ISIS telah kehilangan sebagian besar wilayahnya sejak menguasai Irak dan Suriah pada tahun 2014, tetapi kelompok ini telah bangkit kembali dalam beberapa tahun terakhir sejak penarikan AS dari Afghanistan pada tahun 2021. Tahun ini saja, ISIS-K, cabangnya di Afghanistan, bertanggung jawab atas serangan mematikan di Rusia dan Iran yang menewaskan lebih dari seratus orang.
Jika AS menarik seluruh pasukannya, hal ini akan menyebabkan kekosongan kekuasaan rentan diisi oleh Iran, yang sudah memiliki pengaruh besar di Irak.
Hal ini juga dapat mendorong AS untuk menarik sekitar 900 tentaranya yang tersisa di Suriah, mengingat mereka akan terisolasi dari dukungan apa pun di Irak.
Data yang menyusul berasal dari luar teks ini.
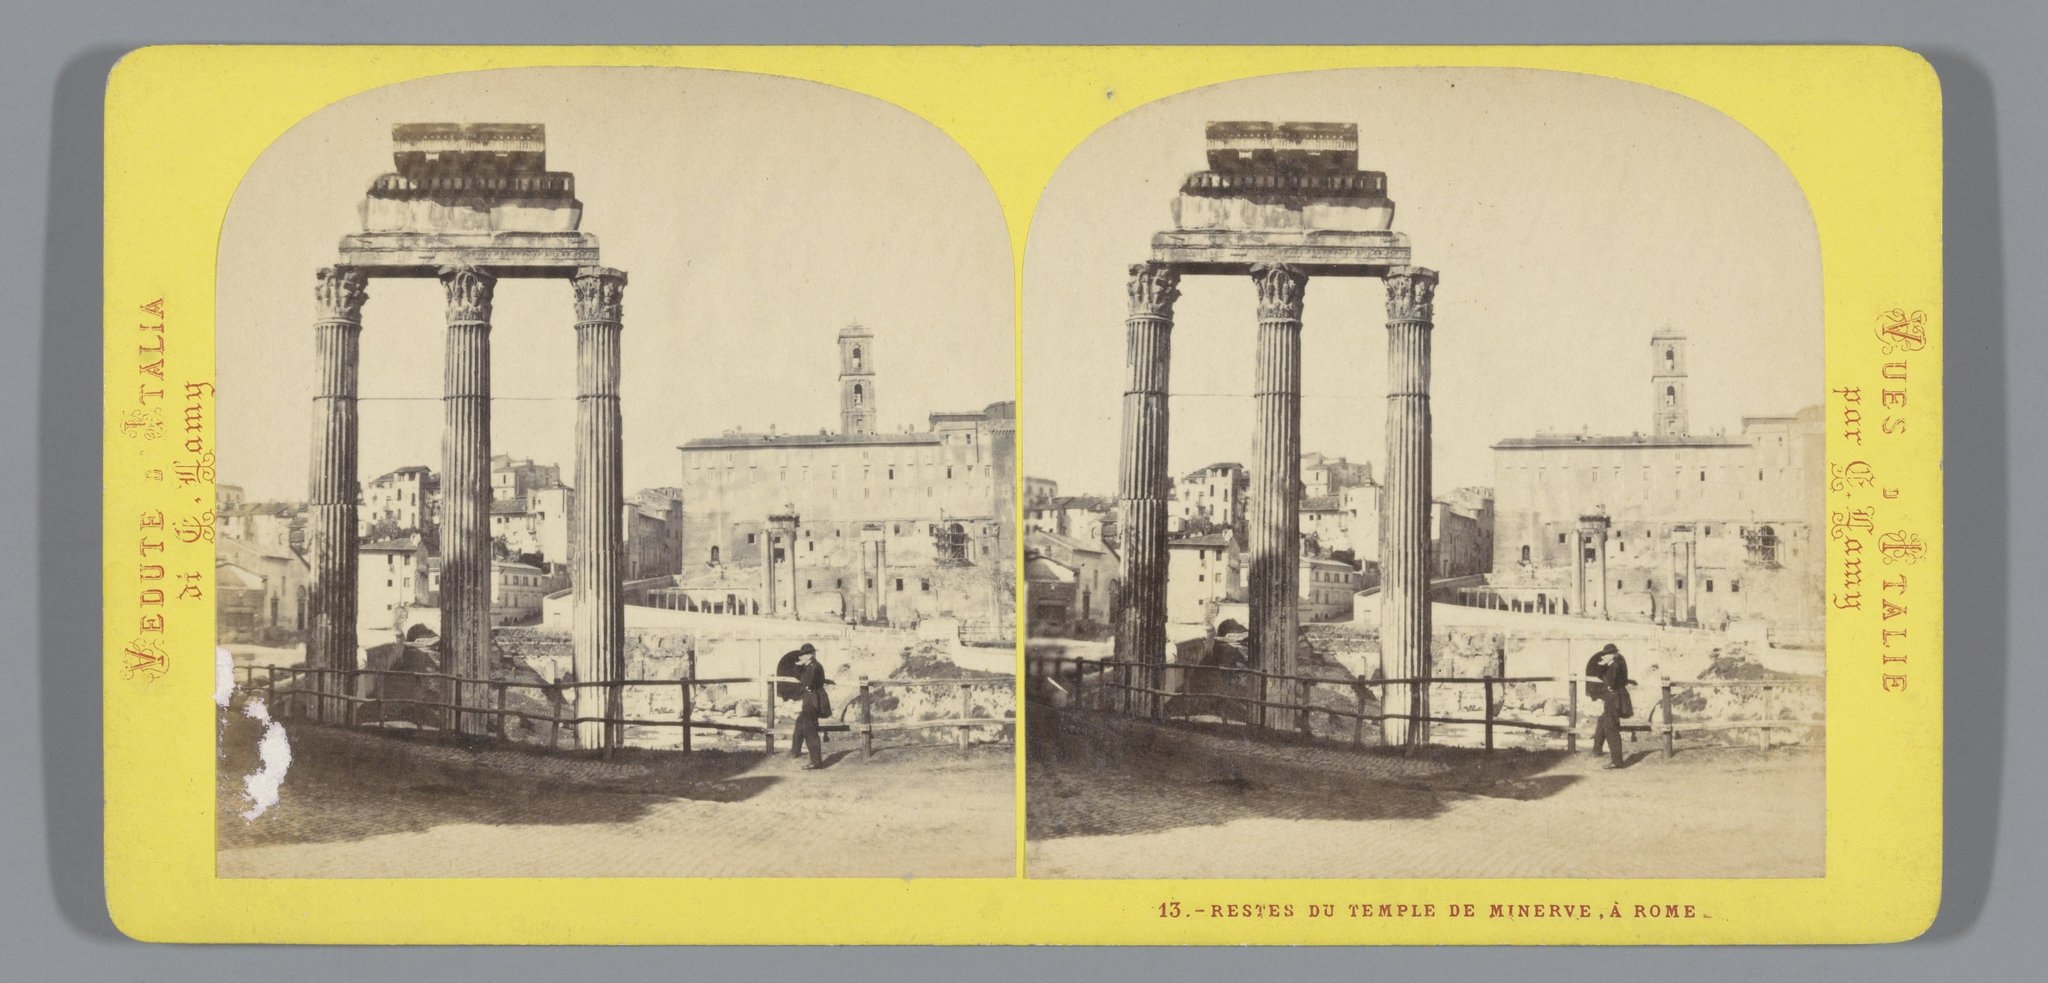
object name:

Namun jika masih ada kekuatan yang tersisa di wilayah Kurdistan, AS mungkin dapat mendukung pasukannya di Suriah.
Pejabat senior pertahanan mengatakan AS sedang melakukan transisi strukturnya di Irak “karena lingkungan misi telah berubah.”
“Kami berbicara tentang luasnya wilayah yang dikuasai ISIS dan banyaknya populasi yang hidup di bawah kekuasaan brutalnya. ISIS tidak lagi menguasai wilayah semacam itu,” kata pejabat itu. “Mereka tidak lagi memiliki populasi di bawah komandonya. Mereka memiliki pejuang, mereka memiliki sel-sel. Mereka memiliki kehadiran, dan hal ini membutuhkan upaya terus-menerus untuk memastikan kekalahan mereka yang abadi.
“Tetapi misi itu, evolusi ancaman itu,” kata pejabat itu, “berarti sudah waktunya untuk mengembangkan misi ini.”